(concurring in the result).
I quite agree that we should not reverse the District Court’s order insofar as it set aside a ruling by the Superintendent of Insurance refusing to grant to Silverman a license as a life insurance general agent. I concur in the treatment of the factual background for that conclusion. I wish only to expand and be more specific with reference to my colleagues’ treatment of the procedural problem as it seems to appear on this record.
It is fundamental that an insurance agent’s license, once issued and acted upon, may not be suspended or revoked without procedural and substantive due process of law. Jordan v. United Insurance Co. of America, 110 U.S.App. D.C. 112, 289 F.2d 778.1
Congress has provided the basis upon which due process shall be accorded to one charged on any of various grounds, including specifically, as here, a charge that one has “shown himself untrustworthy or incompetent to act as a life insurance general agent.” D.C.Code, § 35-426 (Supp. VIII 1960). The Superintendent is to make an investigation. He shall provide an opportunity for the general agent to be fully heard and to present evidence in his own behalf. The Superintendent at “any hearing provided by this section” shall have authority to administer oaths to witnesses. The general agent may appeal within thirty days *919after “the revocation or suspension of license or the refusal of the Superintendent to grant a license.”3 Thereafter, pursuant to D.C.Code § 35-427 (1951), the general agent may seek review in the District Court.
Thus is the general agent to be afforded his rights. On the other hand, D.C. Code, § 35-425 (1951) makes no provision for a hearing, or for the swearing of witnesses or other requirements for the making of a record.2 3 The section deals generally with the requirements for the original issuance of a license, which, once issued, is renewable from year to year unless earlier “revoked or suspended”4 by the Superintendent, or unless the company shall terminate the authority of its general agent. The Superintendent testified that licenses are renewed automatically unless he rules otherwise in a given case. For nearly 15 years, Silverman’s license was automatically so renewed, not on his application, but upon the representations of his principal, the life insurance company.
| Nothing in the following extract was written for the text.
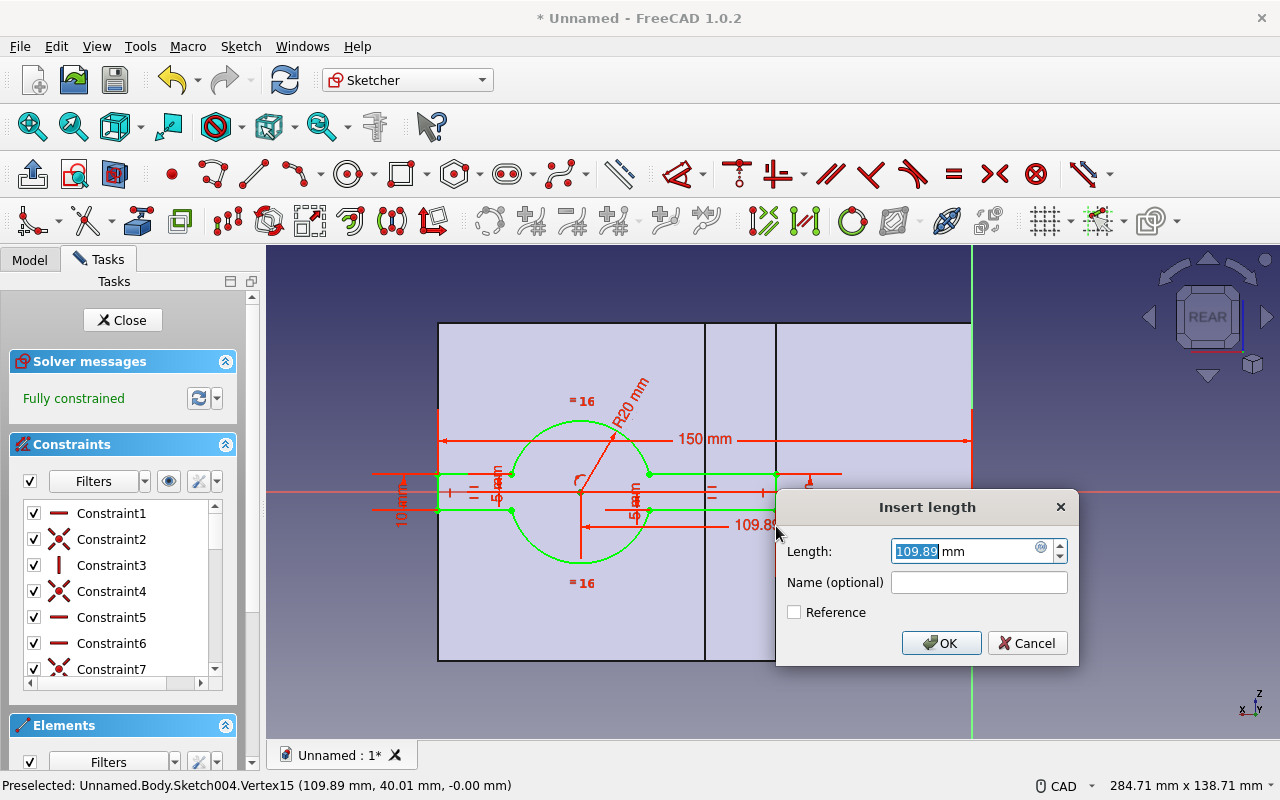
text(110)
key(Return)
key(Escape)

The Superintendent notified the company under date of April 15, 1959, that if “you reappoint him, I will set the matter down for a formal hearing at which a record will be made of sworn testimony and documentary evidence.” 5
Silverman did not then seek equitable relief to protect his status, although his complaint, much later filed, contained appropriate allegations to raise an issue as to automatic renewal of his license, as in previous years. He did not in time ask the court, pendente lite, to prevent a “contrary ruling by the Superintendent” before the. expiration date of the license and before he could be given the hearing provided for in section 426.6 Instead, he let the license year expire, and then filed a new application dated June 15, 1959. Thereafter the hearing was noticed to commence on July 14, 1959 at which Silverman was to be permitted to appear and show cause why a general agent’s license should be issued.
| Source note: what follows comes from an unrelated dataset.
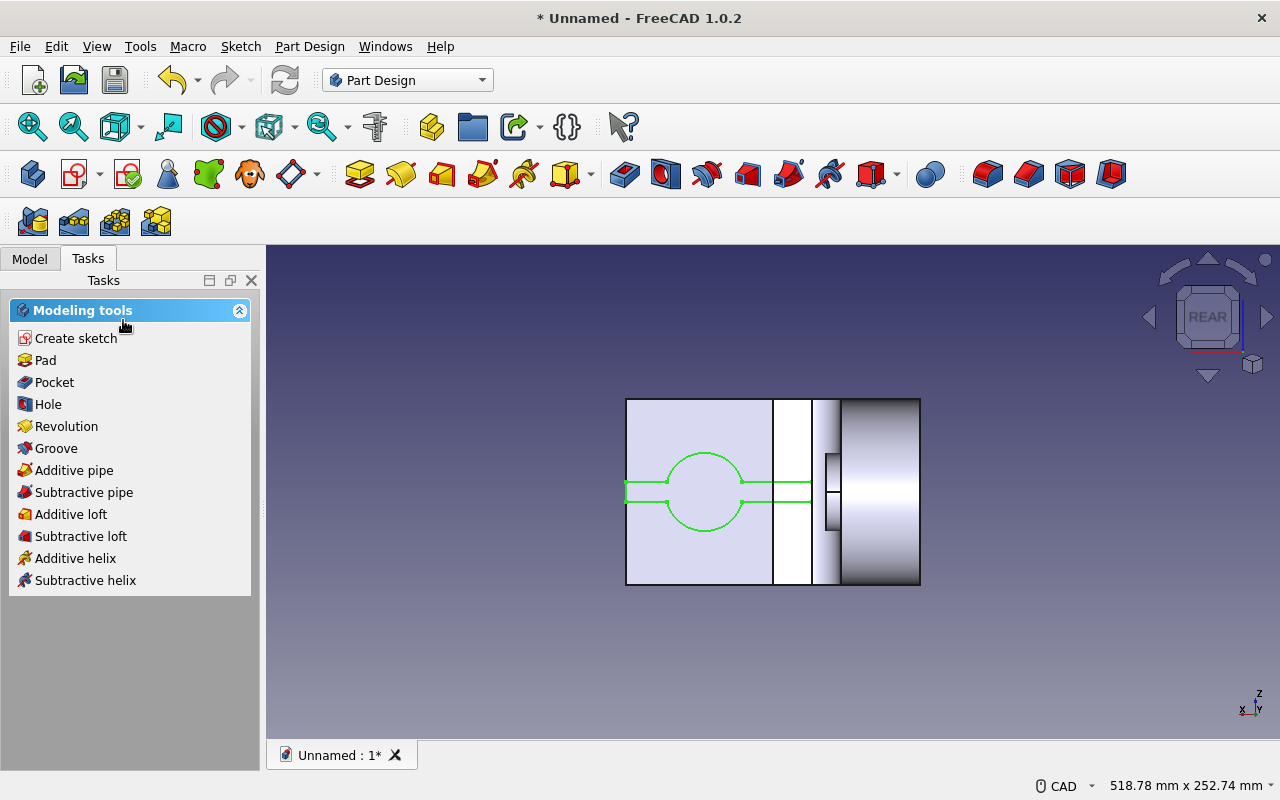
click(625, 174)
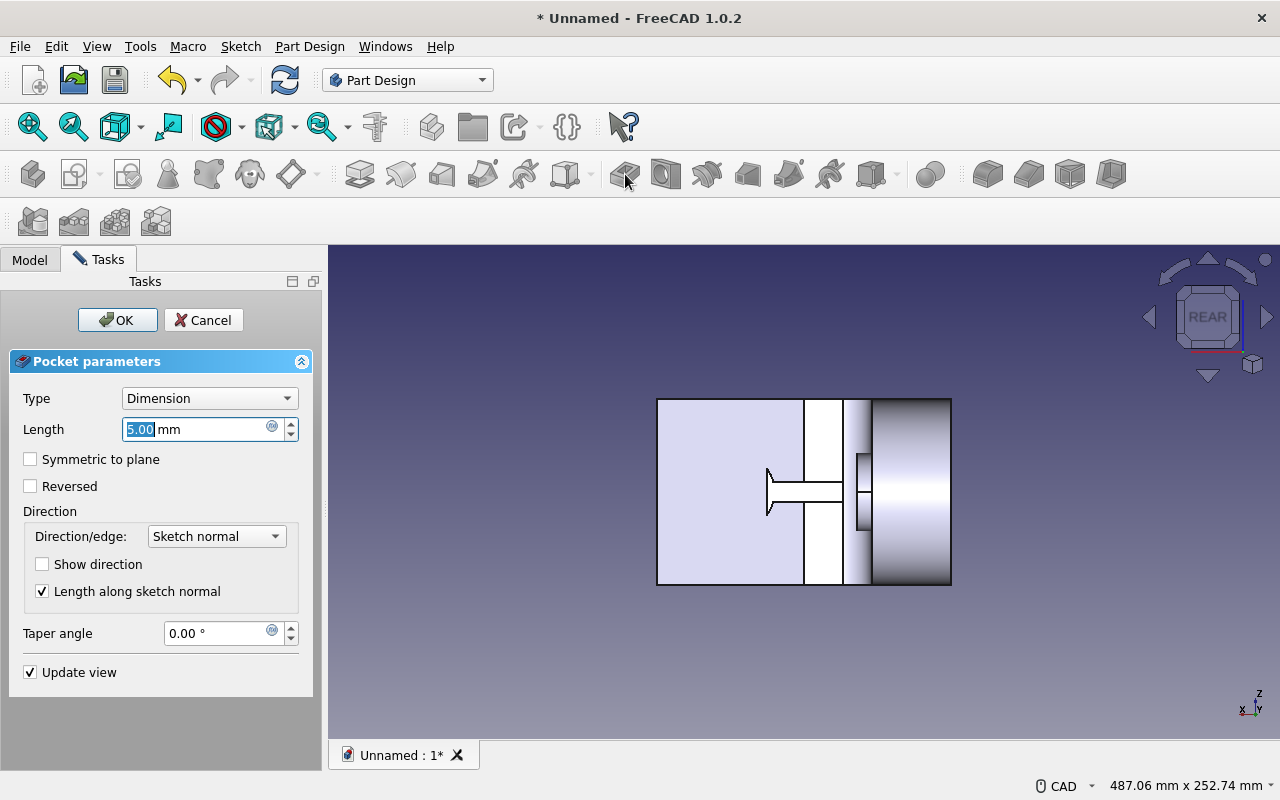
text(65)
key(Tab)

So it was that Silverman’s appeal under section 427 was related to “the refusal of the Superintendent to grant a license,” as provided in section 426, and in that posture the District Court action went forward.
I have noted my views that the record may show my understanding of the procedural aspects by which the statutory scheme is to be and here was given effect.7
. That principle has likewise been deemed to apply to the Superintendent’s refusal to renew under D.C.Code, § 35-1340 (1951). Columbia Auto Loan v. Jordan, 1952, 90 U.S.App.D.C. 222, 196 F.2d 568; cf. Atlantic Insurance Agency v. Jordan, 1955, 97 U.S.App.D.C. 184, 229 F.2d 758, which gave rise to the 1958 amendments, note 2 infra.
. The District Commissioners approved the amendments sought in S. 1040, 85th Cong., 1st Sess. for the express purpose of bringing related sections of the Life Insurance Act into conformity with corresponding sections applicable to the business of fire and casualty insurance. See P.L. 85-334, 72 Stat. 19 (195S). And see S.Rep.No.1110, 85th Cong., 1st Sess. (1957).
. Cf. Jordan v. American Eagle Eire Ins. Co., 1948, 83 U.S.App.D.C. 192, 198, 169 F.2d 281, 287.
. With proceedings as to suspension or revocation pursuant to § 426 as noted, supra.
. He could so have acted only pursuant to § 426 supra.
. Compare D.C.Code, § 35-1339 (Supp. VIII 1960) expressly providing a ten day period within which an applicant may seek a stay in court of the Superintendent’s refusal to renew.
. The joint appendix (291) contains an earlier notice to show cause correctly issued pursuant to “Sec. 35-426,” as it states, and which is otherwise entirely compatible with the statutory plan.